Oxygen loss and surface degradation during electrochemical cycling of lithium-ion battery cathode material LiMn2O4

Abstract

Electrode surfaces play a critical role in determining the electrochemical performance of lithium-ion batteries, and uncovering how surface chemistry and structure evolve during cycling, particularly at the atomic level, is necessary for improved battery materials design. We report a scanning transmission electron microscopy (STEM) investigation into the atomistic mechanisms behind surface reconstruction induced by electrochemical cycling of cathode material LiMn₂O₄. Direct STEM observations reveal that surface layers of as-synthesised LiMn₂O₄ thin films are subject to considerable compressive lattice strain as a result of oxygen deficiency.
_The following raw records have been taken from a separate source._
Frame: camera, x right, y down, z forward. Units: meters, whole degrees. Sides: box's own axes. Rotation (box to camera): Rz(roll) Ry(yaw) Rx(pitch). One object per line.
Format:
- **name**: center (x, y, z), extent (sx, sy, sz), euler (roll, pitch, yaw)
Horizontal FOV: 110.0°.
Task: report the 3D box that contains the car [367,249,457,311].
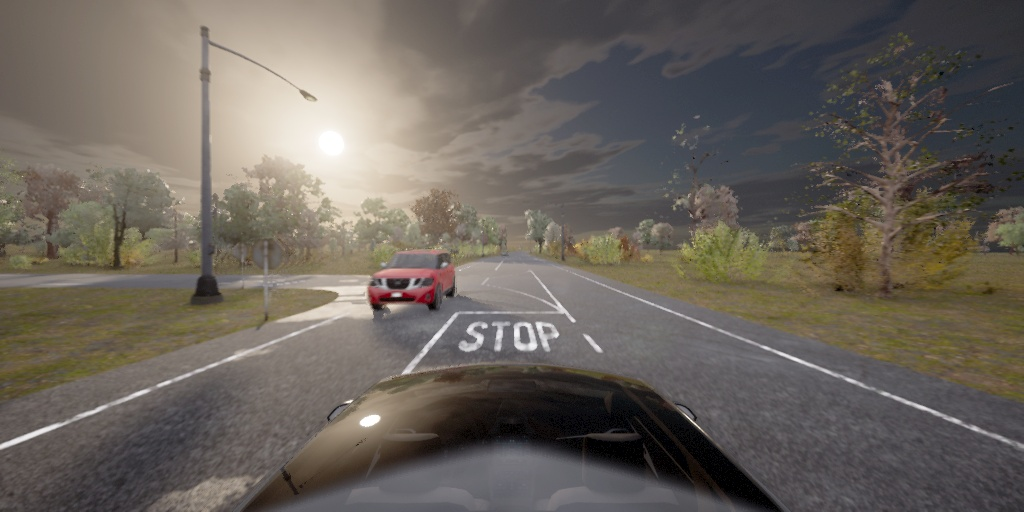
- **car**: center (-3.501, 0.772, 13.665), extent (2.150, 2.045, 5.566), euler (0, 1, 0)
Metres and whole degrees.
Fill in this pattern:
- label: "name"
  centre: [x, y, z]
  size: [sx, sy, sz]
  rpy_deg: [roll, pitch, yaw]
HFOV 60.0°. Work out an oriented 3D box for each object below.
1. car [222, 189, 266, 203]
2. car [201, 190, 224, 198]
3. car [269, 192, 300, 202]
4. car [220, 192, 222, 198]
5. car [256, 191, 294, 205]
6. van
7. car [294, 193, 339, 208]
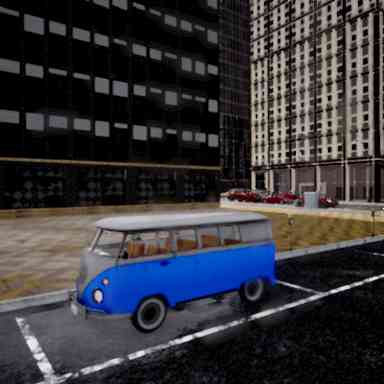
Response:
- label: "car"
  centre: [6.869, 0.510, 44.211]
  size: [2.192, 1.841, 5.009]
  rpy_deg: [1, 1, -36]
- label: "car"
  centre: [3.844, 0.366, 62.734]
  size: [1.947, 1.339, 4.313]
  rpy_deg: [1, 1, -36]
- label: "car"
  centre: [13.626, 0.705, 49.162]
  size: [1.802, 1.307, 4.206]
  rpy_deg: [1, 1, -36]
- label: "car"
  centre: [7.006, 0.430, 58.348]
  size: [1.752, 1.417, 4.829]
  rpy_deg: [1, 1, -36]
- label: "car"
  centre: [10.122, 0.884, 39.691]
  size: [1.802, 1.307, 4.206]
  rpy_deg: [1, 1, -36]
- label: "van"
  centre: [-0.148, 1.315, 6.463]
  size: [3.998, 1.788, 1.690]
  rpy_deg: [0, 0, -36]
- label: "car"
  centre: [13.385, 0.850, 35.168]
  size: [1.967, 1.590, 4.097]
  rpy_deg: [1, 1, -36]

During the first charge, the lattice strain increases significantly, resulting in a reconstruction reaction to form Mn₃O₄ with further loss of oxygen from the topmost layers. Continued cycling leads to deterioration of surface crystallinity. The observed irreversible structure changes affect charge transfer reaction kinetics at LiMn₂O₄ surfaces because Li pathways become blocked by Mn atoms, contributing to a reduction in long-term cycle life and energy capacity. The ability to observe atomic-level changes at electrode surfaces at different stages of cycling provides a more robust understanding of electrode processes that can accelerate development of safer and longer-lasting battery materials.